Alors que la désertification médicale s'intensifie année après année, nos concitoyens ne peuvent que constater les dégâts : morts inexpliquées à l'hôpital, attente interminable chez les médecins généralistes, longs délais – parfois près d'un an – pour obtenir un rendez-vous chez un spécialiste. La liste est longue. Je reconnais à la rapporteure Stéphanie Rist le mérite d'avoir essayé de résoudre ces problèmes avec cette proposition de loi. Mais tant que vous resterez sourds aux demandes de régulation de la population, des élus et des professionnels de santé, la situation continuera de s'aggraver.
Depuis le début, les députés du groupe Socialistes et apparentés ont une opinion mitigée sur ce texte.
Faciliter l'accès direct à plusieurs spécialités est une bonne chose et nous soutenons cette mesure ; cela permettra à de nombreux Français de se soigner plus facilement, dans certaines situations bien précises. Aller chez un kinésithérapeute quand on a une entorse ou chez un orthophoniste pour traiter des troubles de la communication ne devrait pas nécessiter une consultation préalable chez un médecin généraliste. Évidemment, pour ne pas rompre l'accès égal aux soins, il faut en garantir un remboursement satisfaisant, prévu dans cette proposition de loi.
Encourager les protocoles de coopération, qui demeurent bien trop marginaux, c'est améliorer la qualité des soins par la pluridisciplinarité. Cela envoie aussi un bon signal aux membres des professions médicales, actuels et en devenir, en renforçant l'attractivité de leurs métiers.
Enfin, il me semble de bon augure de décharger les médecins généralistes de certaines tâches grâce aux assistants médicaux, ainsi que les dentistes grâce à la création d'une profession d'assistant en médecine bucco-dentaire. Alors que notre pays souffre d'un manque de médecins, redonner à ces derniers du temps médical leur permettrait de se concentrer sur leur cœur de métier – soigner les gens – plutôt que de remplir des tâches administratives.

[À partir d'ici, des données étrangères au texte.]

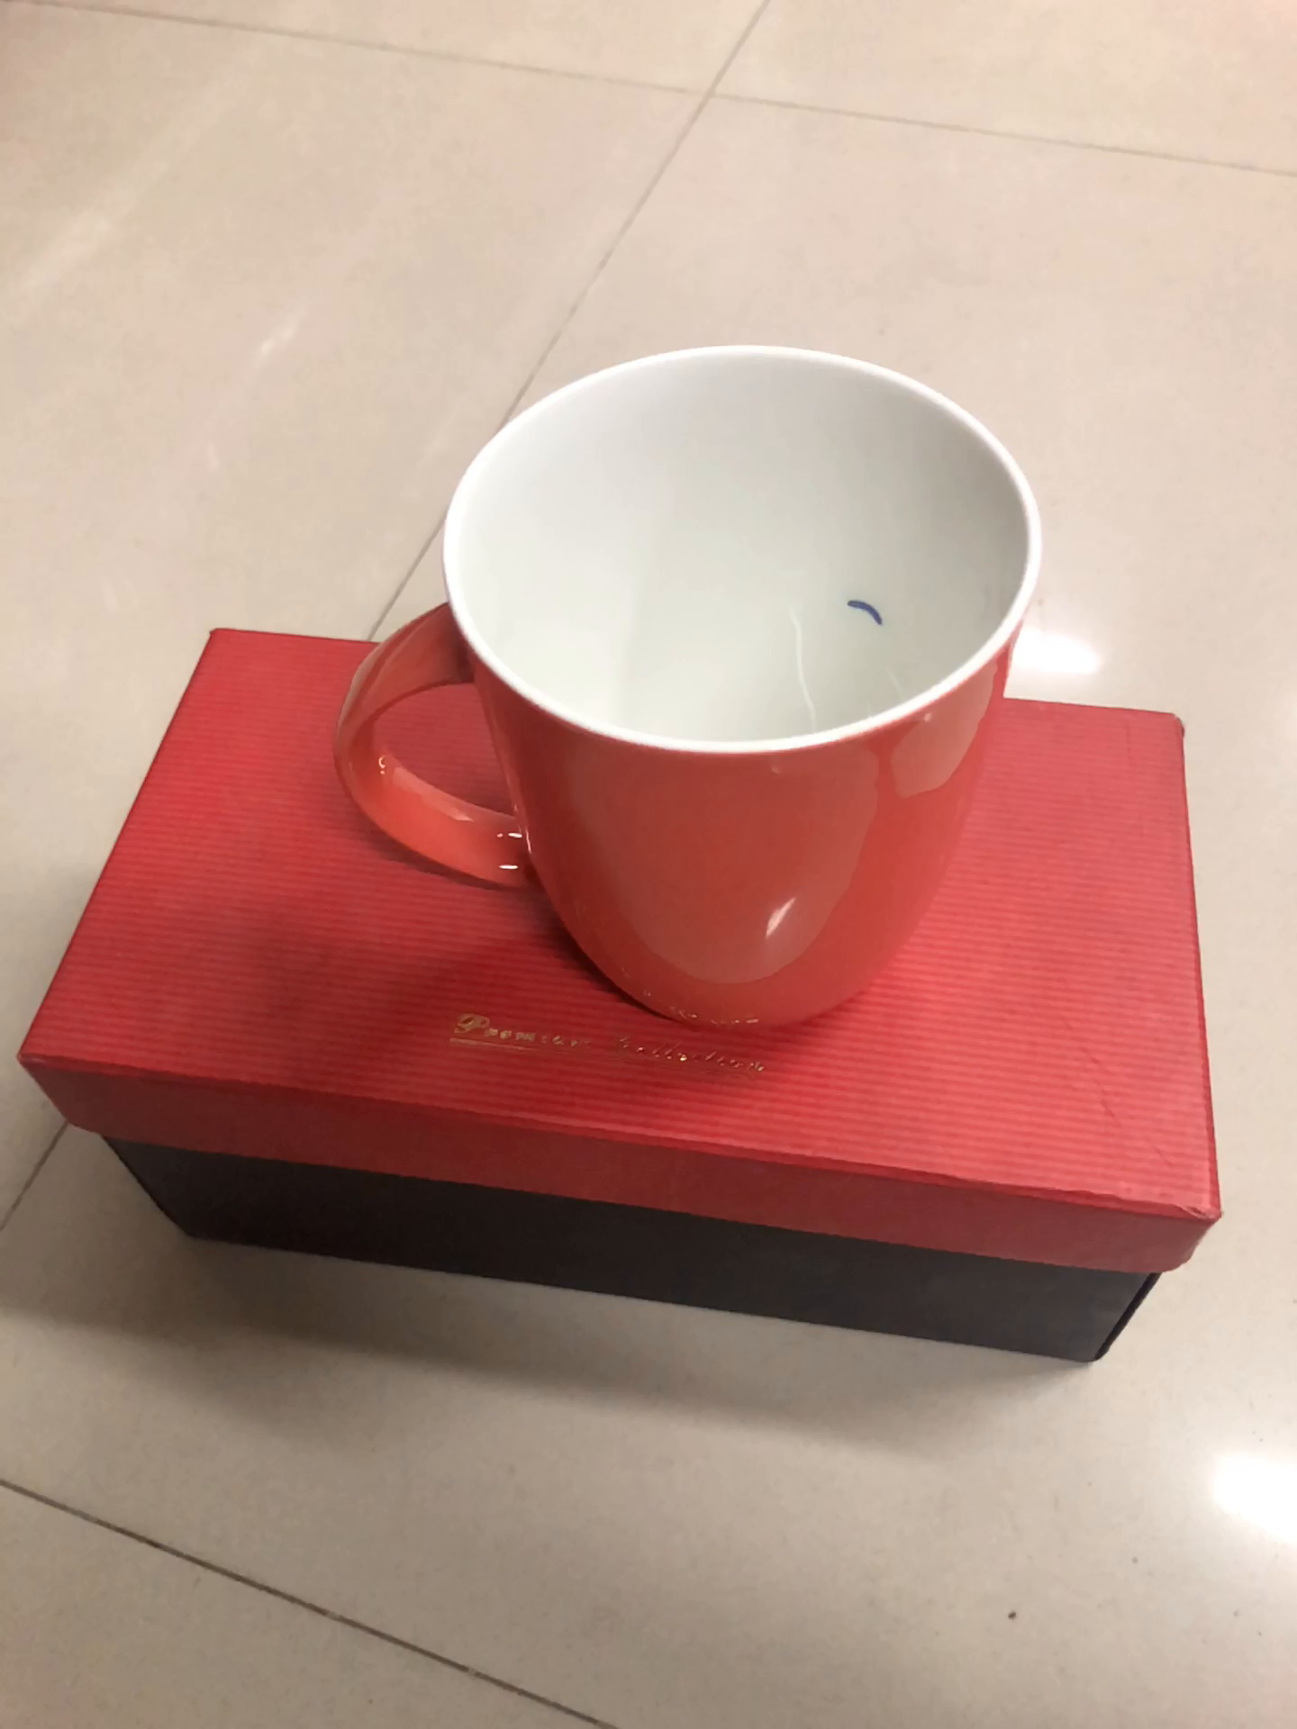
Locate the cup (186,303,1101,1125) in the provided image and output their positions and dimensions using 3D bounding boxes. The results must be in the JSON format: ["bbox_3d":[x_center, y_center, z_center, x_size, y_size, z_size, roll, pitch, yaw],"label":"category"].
[{"bbox_3d":[0.004,-0.023,0.235,0.110,0.090,0.090,4,55,5],"label":"cup"}]
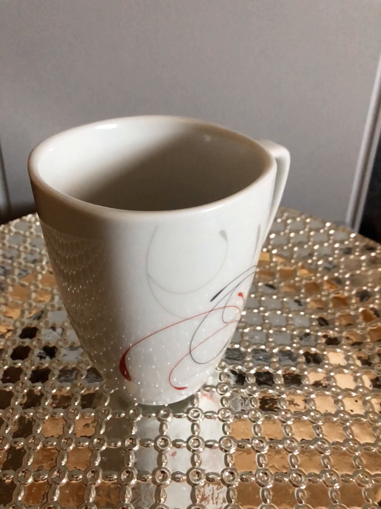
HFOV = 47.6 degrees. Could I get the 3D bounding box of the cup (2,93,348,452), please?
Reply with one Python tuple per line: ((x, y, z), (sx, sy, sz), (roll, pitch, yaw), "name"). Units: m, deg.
((-0.002, -0.003, 0.194), (0.080, 0.099, 0.110), (27, 42, 31), "cup")
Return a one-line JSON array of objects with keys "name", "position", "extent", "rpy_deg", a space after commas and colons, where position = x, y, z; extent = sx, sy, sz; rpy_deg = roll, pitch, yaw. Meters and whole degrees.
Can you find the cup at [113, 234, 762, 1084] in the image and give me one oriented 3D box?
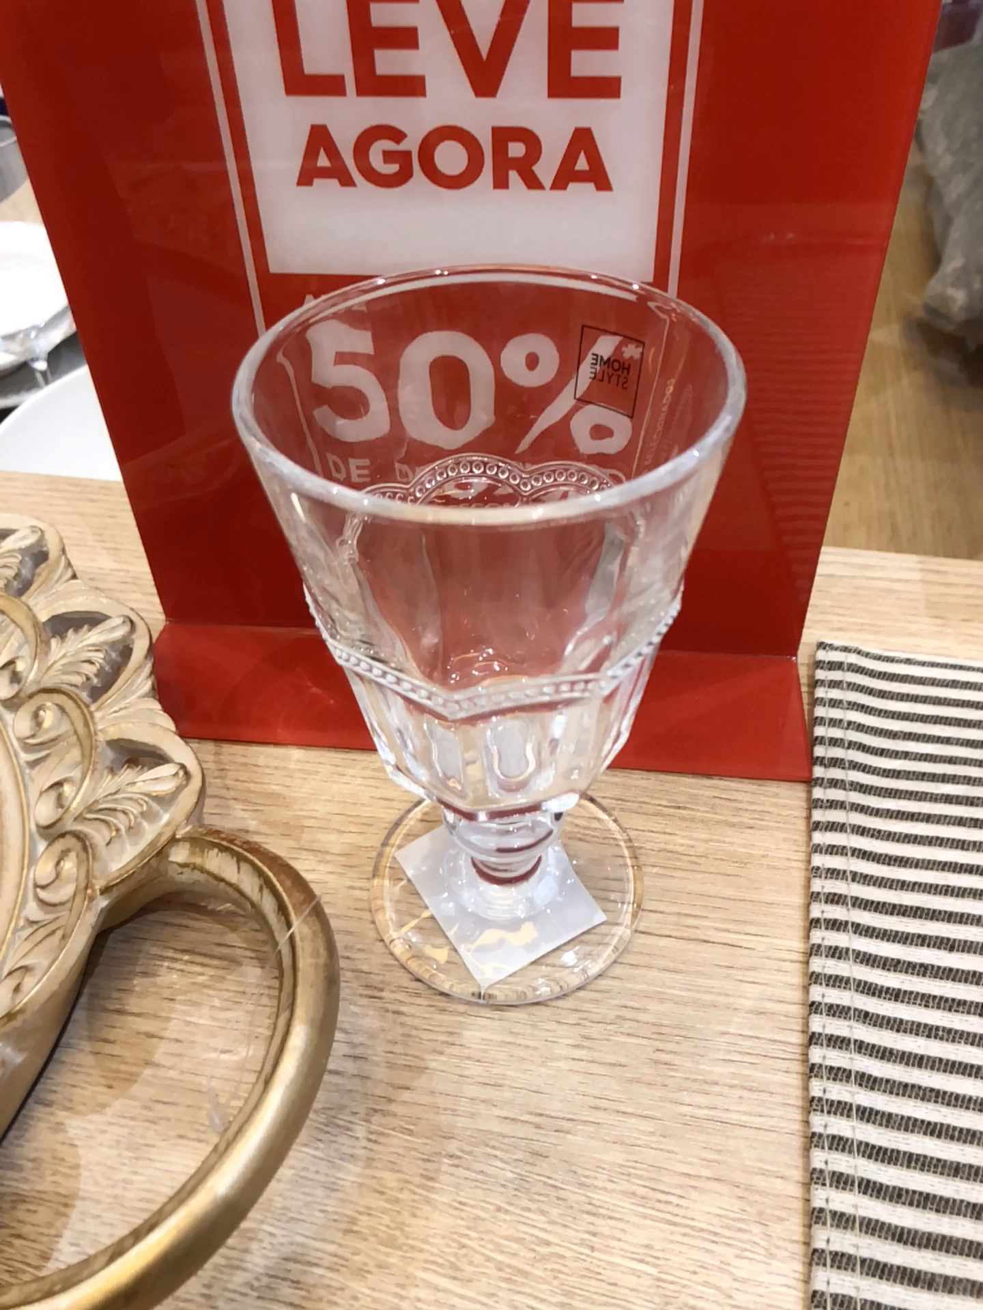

Cependant, ces quelques avancées sont mineures. Alors que chaque jour, dans nos territoires, nous sommes interpellés au sujet du manque de médecins, ce texte ne nous semble pas assez ambitieux. Nous, députés du groupe Socialistes et apparentés, avons pourtant été plus qu'ouverts à la discussion. Nous avons proposé de nombreux amendements d'amélioration, visant par exemple à créer un statut d'infirmier anesthésiste ; vous n'en avez pas voulu et le Gouvernement n'a pas jugé utile de les reprendre. De la même façon, depuis cinq ans, vous refusez de voir l'évidence : ce n'est qu'en appliquant une politique de régulation que nous enverrons des médecins dans les territoires qui en manquent. Toutes ces propositions émanent du groupe de travail transpartisan sur les déserts médicaux lancé par Guillaume Garot. Nous avons écouté les acteurs concernés et nous avons réfléchi ensemble, malgré nos divergences politiques, pour proposer des solutions communes, dans l'intérêt général.
Nous espérons maintenant que ces propositions rencontreront dans l'hémicycle un accueil aussi positif qu'au sein de la population. Ce n'est pas en corrigeant ici et là les défaillances profondes d'un système à bout de souffle que nous résoudrons le problème crucial de la désertification médicale. Telle est la perception que nous, députés du groupe Socialistes et apparentés, avons de cette proposition de loi ; nous en sommes les premiers désolés. Mais eu égard au peu d'ouverture au dialogue du Gouvernement et à l'impact trop limité de ce texte, nous ne pouvons le soutenir totalement. C'est pourquoi nous nous abstiendrons.